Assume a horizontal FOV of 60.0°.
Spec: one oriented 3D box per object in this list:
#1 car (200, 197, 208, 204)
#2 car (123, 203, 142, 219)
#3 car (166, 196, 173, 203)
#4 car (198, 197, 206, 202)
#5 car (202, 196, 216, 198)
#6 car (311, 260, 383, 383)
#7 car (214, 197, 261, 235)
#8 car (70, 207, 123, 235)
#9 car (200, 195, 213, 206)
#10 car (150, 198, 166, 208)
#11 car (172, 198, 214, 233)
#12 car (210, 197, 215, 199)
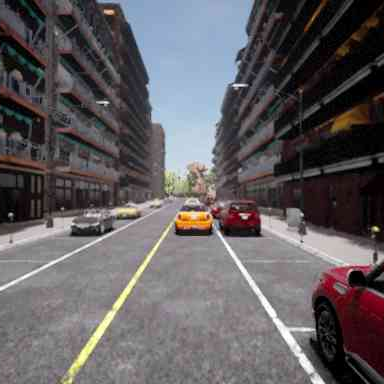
[{"bbox_3d":[2.721,1.863,75.283,1.752,1.417,4.829,1,0,0],"label":"car"},{"bbox_3d":[-5.675,1.659,30.435,1.752,1.417,4.829,1,0,0],"label":"car"},{"bbox_3d":[-5.685,1.804,80.715,1.967,1.590,4.097,1,0,0],"label":"car"},{"bbox_3d":[2.786,1.984,92.459,1.947,1.339,4.313,1,0,0],"label":"car"},{"bbox_3d":[2.711,1.524,47.275,2.192,1.841,5.009,1,0,0],"label":"car"},{"bbox_3d":[2.704,1.327,2.732,2.192,1.841,5.009,1,0,0],"label":"car"},{"bbox_3d":[2.707,1.400,19.435,2.192,1.841,5.009,1,0,0],"label":"car"},{"bbox_3d":[-5.677,1.636,19.468,2.008,1.369,4.403,1,0,0],"label":"car"},{"bbox_3d":[2.714,1.600,63.978,2.192,1.841,5.009,1,0,0],"label":"car"},{"bbox_3d":[-5.671,1.760,52.705,1.752,1.417,4.829,1,0,0],"label":"car"},{"bbox_3d":[0.105,1.441,20.368,2.097,1.767,4.553,0,0,0],"label":"car"},{"bbox_3d":[2.706,1.574,30.570,1.967,1.590,4.097,1,0,0],"label":"car"}]
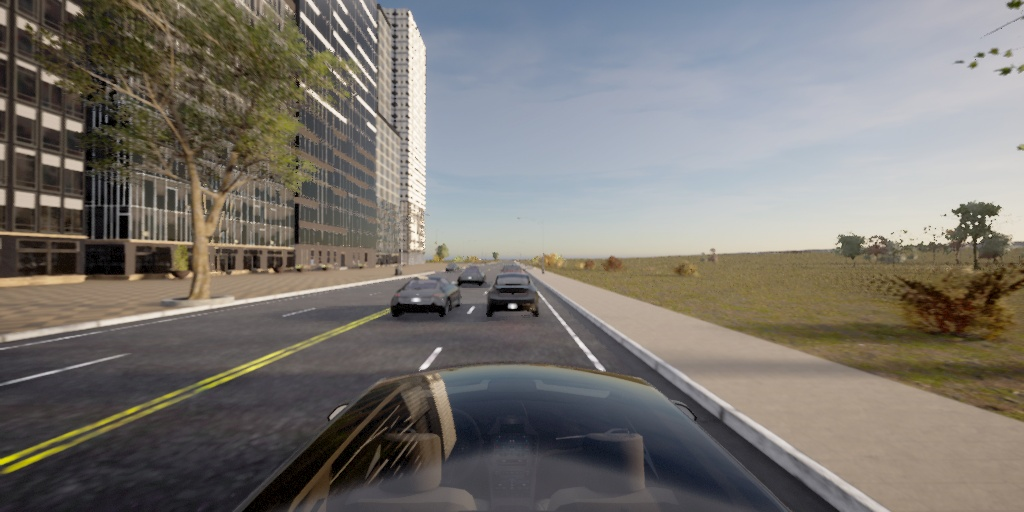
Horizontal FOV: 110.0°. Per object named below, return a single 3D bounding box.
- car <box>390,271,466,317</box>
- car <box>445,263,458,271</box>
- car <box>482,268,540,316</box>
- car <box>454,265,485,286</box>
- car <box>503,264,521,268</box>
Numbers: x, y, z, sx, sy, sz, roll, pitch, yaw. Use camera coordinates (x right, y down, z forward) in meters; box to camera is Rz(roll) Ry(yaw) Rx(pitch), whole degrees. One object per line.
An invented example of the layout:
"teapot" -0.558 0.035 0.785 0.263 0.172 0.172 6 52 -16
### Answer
"car" -3.207 1.470 14.070 1.994 1.385 4.181 0 -1 1
"car" -9.802 1.977 59.098 1.837 1.490 4.892 0 -1 1
"car" 0.044 1.412 14.137 1.837 1.490 4.892 0 0 1
"car" -3.203 1.663 29.357 1.994 1.385 4.181 0 -1 0
"car" 0.044 1.445 29.032 2.097 1.767 4.553 0 -1 1
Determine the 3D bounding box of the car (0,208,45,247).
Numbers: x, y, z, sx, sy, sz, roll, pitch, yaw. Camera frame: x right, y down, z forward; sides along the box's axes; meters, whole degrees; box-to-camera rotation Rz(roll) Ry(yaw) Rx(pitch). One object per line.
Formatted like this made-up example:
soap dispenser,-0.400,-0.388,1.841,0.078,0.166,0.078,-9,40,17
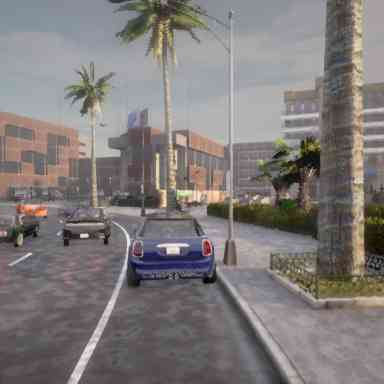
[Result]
car,-8.146,1.611,14.663,1.895,1.301,4.718,0,0,-12

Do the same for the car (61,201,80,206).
car,-11.091,1.565,30.893,1.994,1.385,4.181,0,0,-33

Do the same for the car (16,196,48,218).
car,-14.025,1.356,28.985,2.097,1.767,4.553,0,0,-33

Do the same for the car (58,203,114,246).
car,-4.717,1.492,15.367,2.128,1.511,4.902,0,0,-12

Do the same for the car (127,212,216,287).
car,-0.703,1.351,9.627,2.097,1.767,4.553,0,0,-7
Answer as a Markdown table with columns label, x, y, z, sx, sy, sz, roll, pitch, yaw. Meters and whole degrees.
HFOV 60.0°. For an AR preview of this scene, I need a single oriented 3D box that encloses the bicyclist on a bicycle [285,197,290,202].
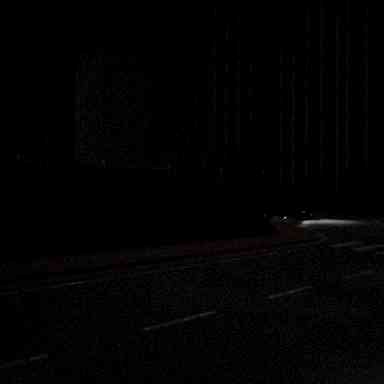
| label | x | y | z | sx | sy | sz | roll | pitch | yaw |
| --- | --- | --- | --- | --- | --- | --- | --- | --- | --- |
| bicyclist on a bicycle | 12.730 | 1.509 | 44.462 | 1.656 | 1.620 | 0.582 | 0 | 0 | -36 |

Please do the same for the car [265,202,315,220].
| label | x | y | z | sx | sy | sz | roll | pitch | yaw |
| --- | --- | --- | --- | --- | --- | --- | --- | --- | --- |
| car | 8.594 | 1.647 | 29.642 | 1.812 | 1.442 | 4.674 | 1 | 0 | -36 |
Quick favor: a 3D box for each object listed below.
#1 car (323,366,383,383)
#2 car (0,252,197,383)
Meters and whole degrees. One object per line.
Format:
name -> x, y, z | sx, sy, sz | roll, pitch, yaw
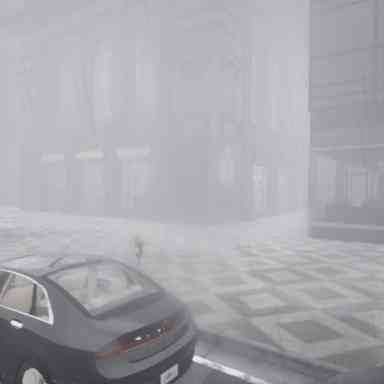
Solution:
car -> 2.619, 1.567, 1.220 | 4.403, 1.369, 2.008 | 1, 1, 35
car -> -2.005, 1.505, 4.465 | 4.403, 1.369, 2.008 | 1, 1, 35
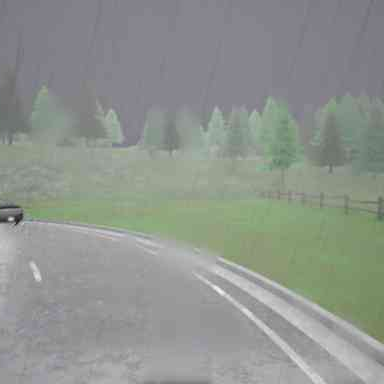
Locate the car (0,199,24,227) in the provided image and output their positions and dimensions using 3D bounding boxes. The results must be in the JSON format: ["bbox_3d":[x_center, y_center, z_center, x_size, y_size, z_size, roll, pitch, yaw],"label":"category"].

..............................

The reply should reproduce every entry above word for word and contain no pictures.

* **EXERCISE RESULT**:
Assume a horizontal FOV of 60.0°.
Spec: one oriented 3D box per object in this list:
#1 car (200, 197, 208, 204)
#2 car (123, 203, 142, 219)
#3 car (166, 196, 173, 203)
#4 car (198, 197, 206, 202)
#5 car (202, 196, 216, 198)
#6 car (311, 260, 383, 383)
#7 car (214, 197, 261, 235)
#8 car (70, 207, 123, 235)
#9 car (200, 195, 213, 206)
#10 car (150, 198, 166, 208)
#11 car (172, 198, 214, 233)
#12 car (210, 197, 215, 199)
[{"bbox_3d":[2.721,1.863,75.283,1.752,1.417,4.829,1,0,0],"label":"car"},{"bbox_3d":[-5.675,1.659,30.435,1.752,1.417,4.829,1,0,0],"label":"car"},{"bbox_3d":[-5.685,1.804,80.715,1.967,1.590,4.097,1,0,0],"label":"car"},{"bbox_3d":[2.786,1.984,92.459,1.947,1.339,4.313,1,0,0],"label":"car"},{"bbox_3d":[2.711,1.524,47.275,2.192,1.841,5.009,1,0,0],"label":"car"},{"bbox_3d":[2.704,1.327,2.732,2.192,1.841,5.009,1,0,0],"label":"car"},{"bbox_3d":[2.707,1.400,19.435,2.192,1.841,5.009,1,0,0],"label":"car"},{"bbox_3d":[-5.677,1.636,19.468,2.008,1.369,4.403,1,0,0],"label":"car"},{"bbox_3d":[2.714,1.600,63.978,2.192,1.841,5.009,1,0,0],"label":"car"},{"bbox_3d":[-5.671,1.760,52.705,1.752,1.417,4.829,1,0,0],"label":"car"},{"bbox_3d":[0.105,1.441,20.368,2.097,1.767,4.553,0,0,0],"label":"car"},{"bbox_3d":[2.706,1.574,30.570,1.967,1.590,4.097,1,0,0],"label":"car"}]
Horizontal FOV: 110.0°. Per object named below, return a single 3D bounding box.
- car <box>390,271,466,317</box>
- car <box>445,263,458,271</box>
- car <box>482,268,540,316</box>
- car <box>454,265,485,286</box>
- car <box>503,264,521,268</box>
Numbers: x, y, z, sx, sy, sz, roll, pitch, yaw. Use camera coordinates (x right, y down, z forward) in meters; box to camera is Rz(roll) Ry(yaw) Rx(pitch), whole degrees. One object per line.
An invented example of the layout:
"teapot" -0.558 0.035 0.785 0.263 0.172 0.172 6 52 -16
### Answer
"car" -3.207 1.470 14.070 1.994 1.385 4.181 0 -1 1
"car" -9.802 1.977 59.098 1.837 1.490 4.892 0 -1 1
"car" 0.044 1.412 14.137 1.837 1.490 4.892 0 0 1
"car" -3.203 1.663 29.357 1.994 1.385 4.181 0 -1 0
"car" 0.044 1.445 29.032 2.097 1.767 4.553 0 -1 1
Determine the 3D bounding box of the car (0,208,45,247).
Numbers: x, y, z, sx, sy, sz, roll, pitch, yaw. Camera frame: x right, y down, z forward; sides along the box's axes; meters, whole degrees; box-to-camera rotation Rz(roll) Ry(yaw) Rx(pitch). One object per line.
Formatted like this made-up example:
soap dispenser,-0.400,-0.388,1.841,0.078,0.166,0.078,-9,40,17
[Result]
car,-8.146,1.611,14.663,1.895,1.301,4.718,0,0,-12

Do the same for the car (61,201,80,206).
car,-11.091,1.565,30.893,1.994,1.385,4.181,0,0,-33

Do the same for the car (16,196,48,218).
car,-14.025,1.356,28.985,2.097,1.767,4.553,0,0,-33

Do the same for the car (58,203,114,246).
car,-4.717,1.492,15.367,2.128,1.511,4.902,0,0,-12

Do the same for the car (127,212,216,287).
car,-0.703,1.351,9.627,2.097,1.767,4.553,0,0,-7
Answer as a Markdown table with columns label, x, y, z, sx, sy, sz, roll, pitch, yaw. Meters and whole degrees.
HFOV 60.0°. For an AR preview of this scene, I need a single oriented 3D box that encloses the bicyclist on a bicycle [285,197,290,202].
| label | x | y | z | sx | sy | sz | roll | pitch | yaw |
| --- | --- | --- | --- | --- | --- | --- | --- | --- | --- |
| bicyclist on a bicycle | 12.730 | 1.509 | 44.462 | 1.656 | 1.620 | 0.582 | 0 | 0 | -36 |

Please do the same for the car [265,202,315,220].
| label | x | y | z | sx | sy | sz | roll | pitch | yaw |
| --- | --- | --- | --- | --- | --- | --- | --- | --- | --- |
| car | 8.594 | 1.647 | 29.642 | 1.812 | 1.442 | 4.674 | 1 | 0 | -36 |
Quick favor: a 3D box for each object listed below.
#1 car (323,366,383,383)
#2 car (0,252,197,383)
Meters and whole degrees. One object per line.
Format:
name -> x, y, z | sx, sy, sz | roll, pitch, yaw
Solution:
car -> 2.619, 1.567, 1.220 | 4.403, 1.369, 2.008 | 1, 1, 35
car -> -2.005, 1.505, 4.465 | 4.403, 1.369, 2.008 | 1, 1, 35
Locate the car (0,199,24,227) in the provided image and output their positions and dimensions using 3D bounding boxes. The results must be in the JSON format: ["bbox_3d":[x_center, y_center, z_center, x_size, y_size, z_size, roll, pitch, yaw],"label":"category"].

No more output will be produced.